Erkläre mir, und ich vergesse."Nachhaltigkeit braucht neue Formen des Lernens. Ästhetische Bildung meint empfindende, wahrnehmende, gestaltende Bildung, die, um mit Hannah Arendt zu sprechen, in das herstellende Handeln mündet, das die Kinder und Jugendlichen zu dem befähigt, was von Ihnen künftig im Übermaß gefordert werden wird: Kreativer Umgang mit einem Verlust an herkömmlichen Strukturen, die das Finden und Erfinden neuer Lebens- und Arbeitstätigkeiten einschließt. Wir behaupten, dass weder die Fachpädagogiken noch die Schulen gegenwärtig die Voraussetzungen für diese Anforderungen erfüllen."
Zeige mir, und ich erinnere.
Lass es mich tun, und ich verstehe.
Konfuzius
[Text: Letzes Kapitel aus: Heinrich Böll Stiftung, BAND 10, Konzeptgedanken zur Errichtung eines Fonds Ästhetik und Nachhaltigkeit, von Adrienne Goehle, S.42-47]
"So wie die meisten staatlichen Schulen heute arbeiten, lassen sie weder für Ästhetik noch für Nachhaltigkeit des Lernens irgendeinen Raum.

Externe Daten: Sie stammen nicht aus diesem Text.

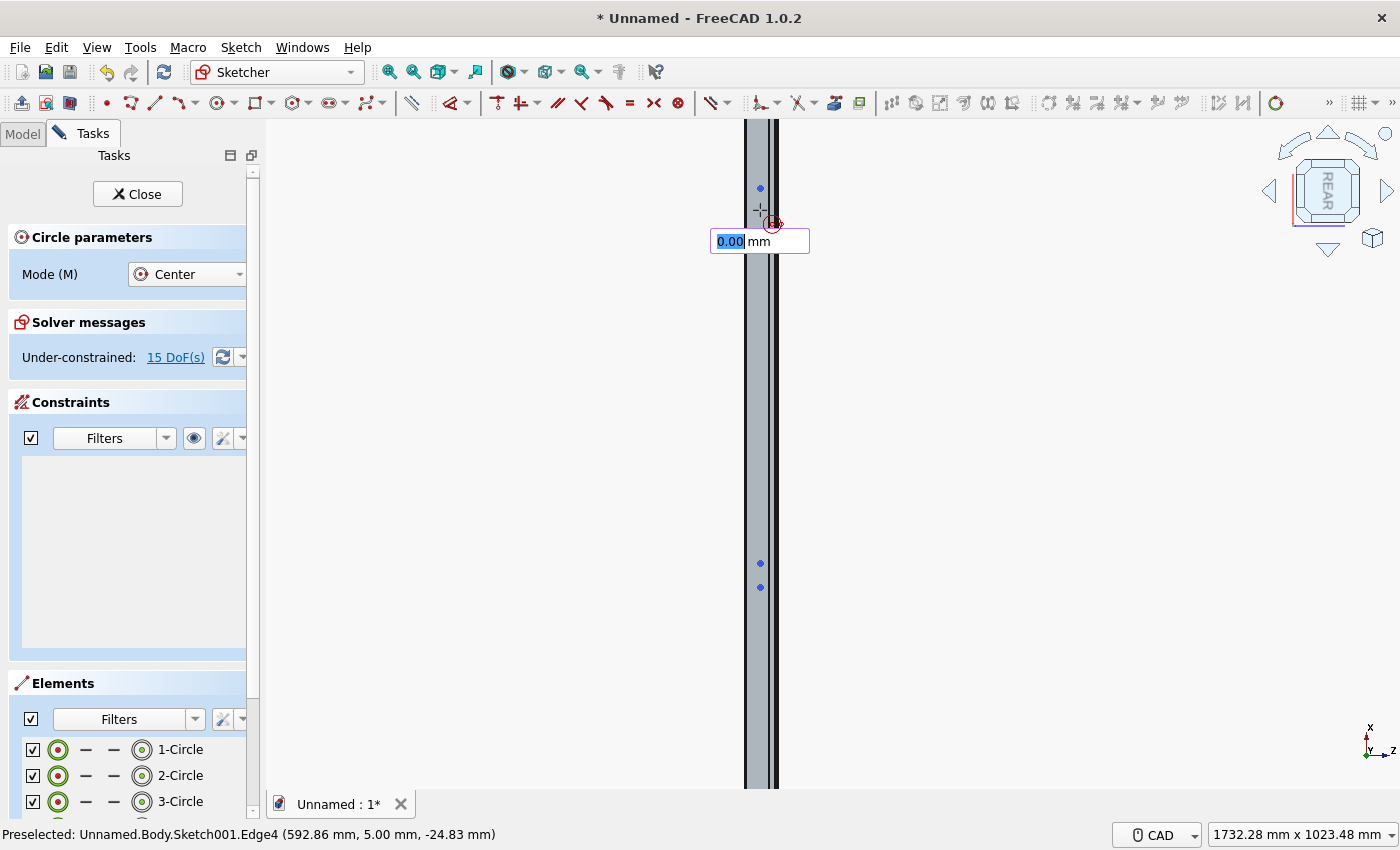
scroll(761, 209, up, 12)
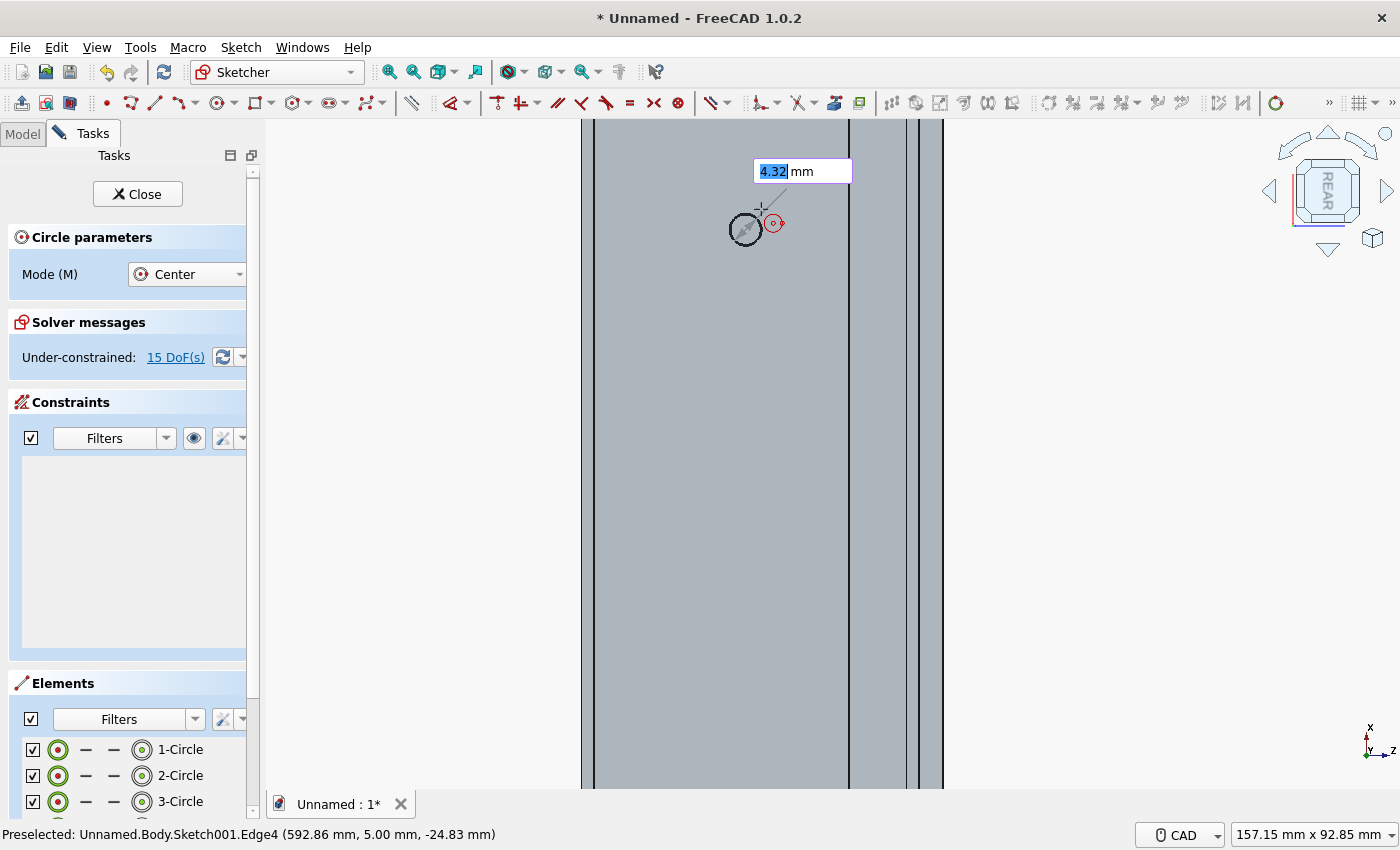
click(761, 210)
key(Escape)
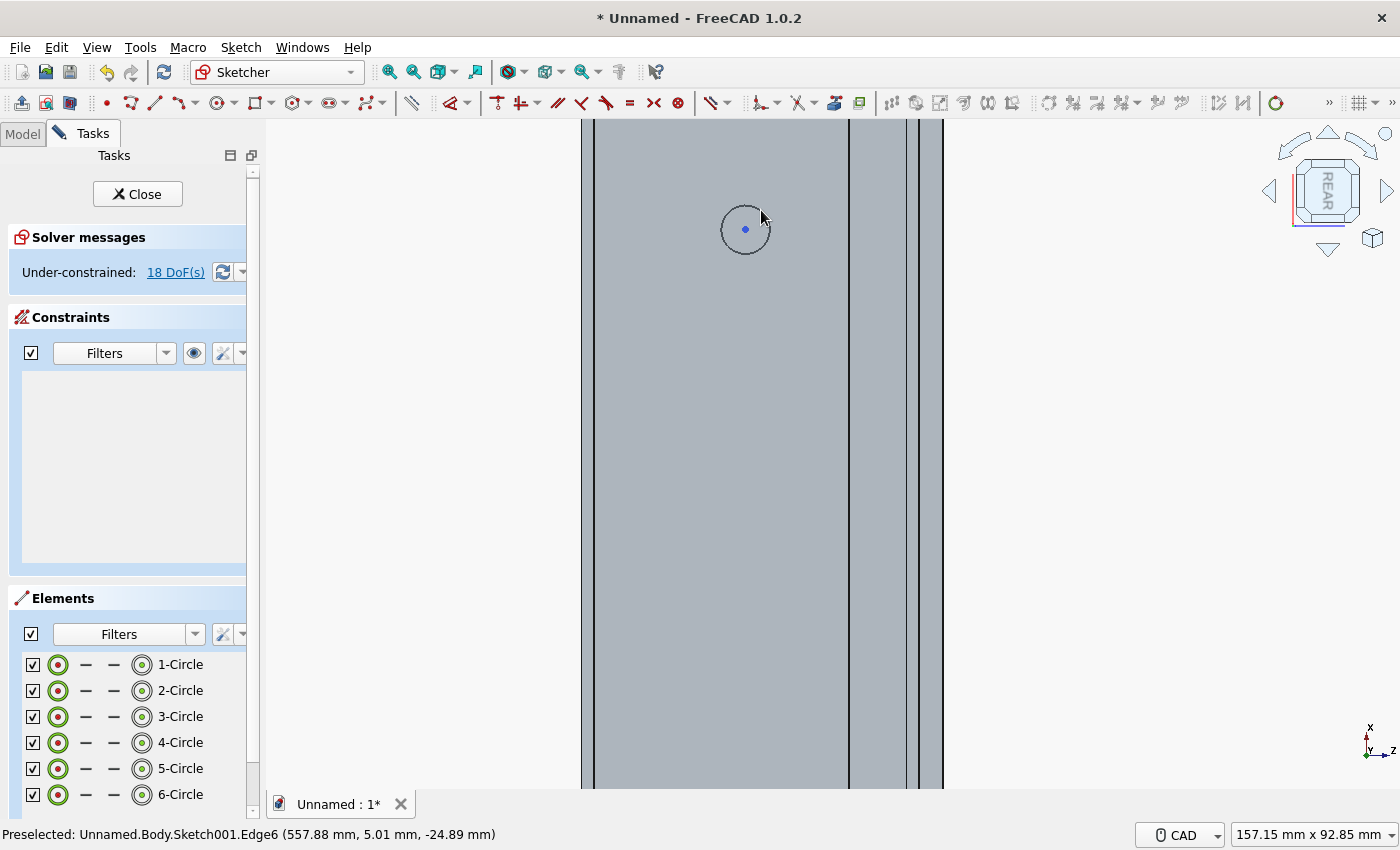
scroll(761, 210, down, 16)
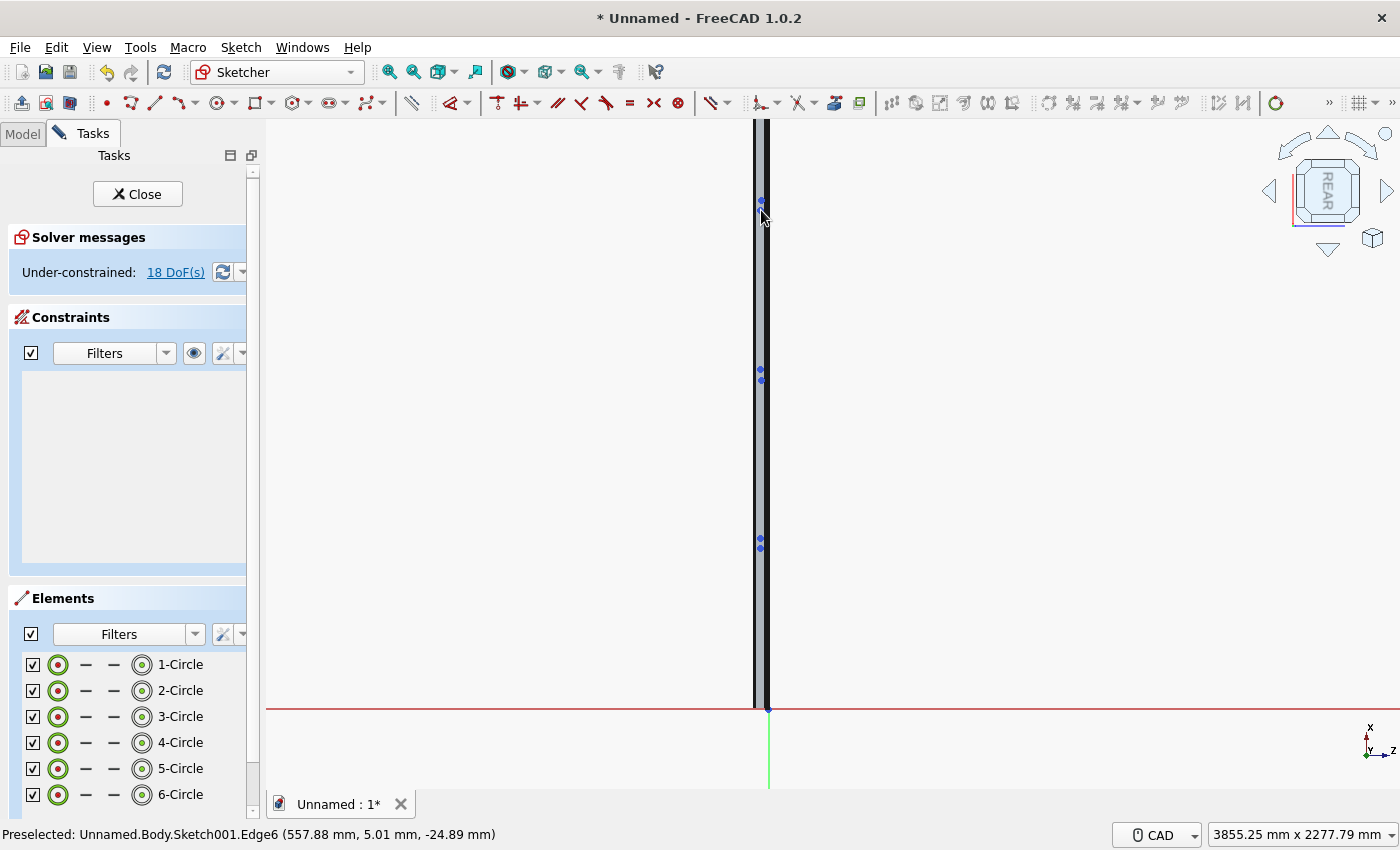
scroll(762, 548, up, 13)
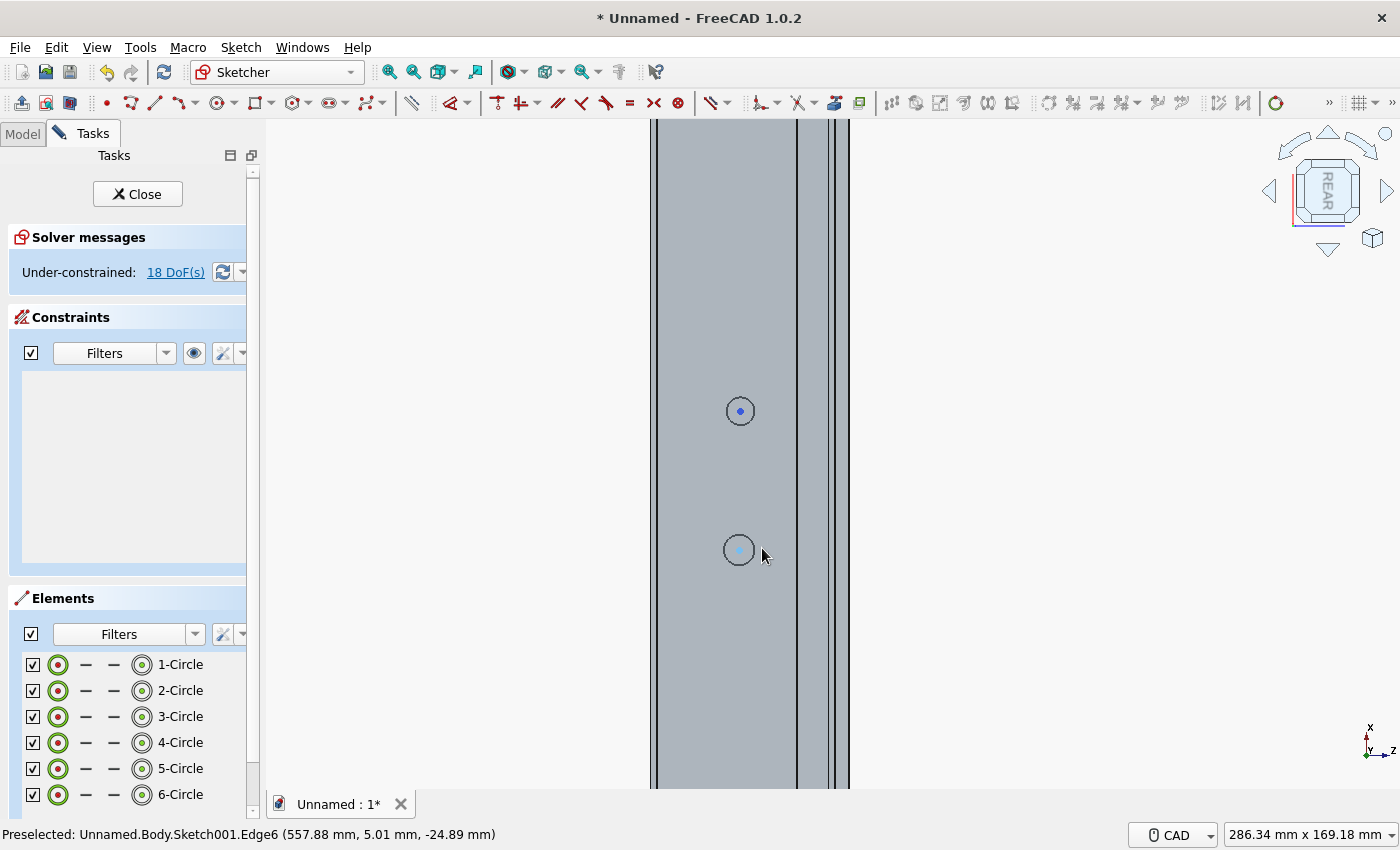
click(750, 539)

Die deutsche Regelschule der Gegenwart zielt vorwiegend auf den Vorderlappen des Gehirns, ist sinnesarm, körper- und zusammenhangslos, portioniert in 45 Minuten-Wurstscheiben. Die Noten der PISA-Expert/innen könnten für die deutschen Regelschulen dramatischer nicht sein, aber die Verantwortlichen reagieren auf diese Alarmsignale mit einer Politik, die vom gleichen Schlechten mehr verordnet.
Die ästhetische Bildung liegt bekanntlich völlig im Schatten der «PISA- Themen», die rund um das Training der kognitiven Fähigkeiten kreisen und auf «lernenden Nachvollzug» gerichtet sind. Der Neurobiologe Wolf Singer hat nicht nur große Defizite im Bereich der musischen Fächer Tanzen, Musik, Gestalten, Zeichnen, sondern auch in der Vermittlung von Mimik und Gestik festgestellt. Diese Ausdrucksmittel aber seien «im Dialog, im Dechiffrieren dessen, was die anderen bewegt» von unschätzbarem Wert.
Für die Freisetzung dieser blockierten Energien, stellt Rudolf zur Lippe fest, muss Schule grundlegend verändert werden, sonst bliebe auch die Arbeit mit und von Künstler/innen an den Schulen bloß additiv oder kompensatorisch. Ästhetische Bildung zielt aber auf Kompetenz, auf Durchdringung der Wissens- und Praxisfelder, auf das Sinnenbewusstsein.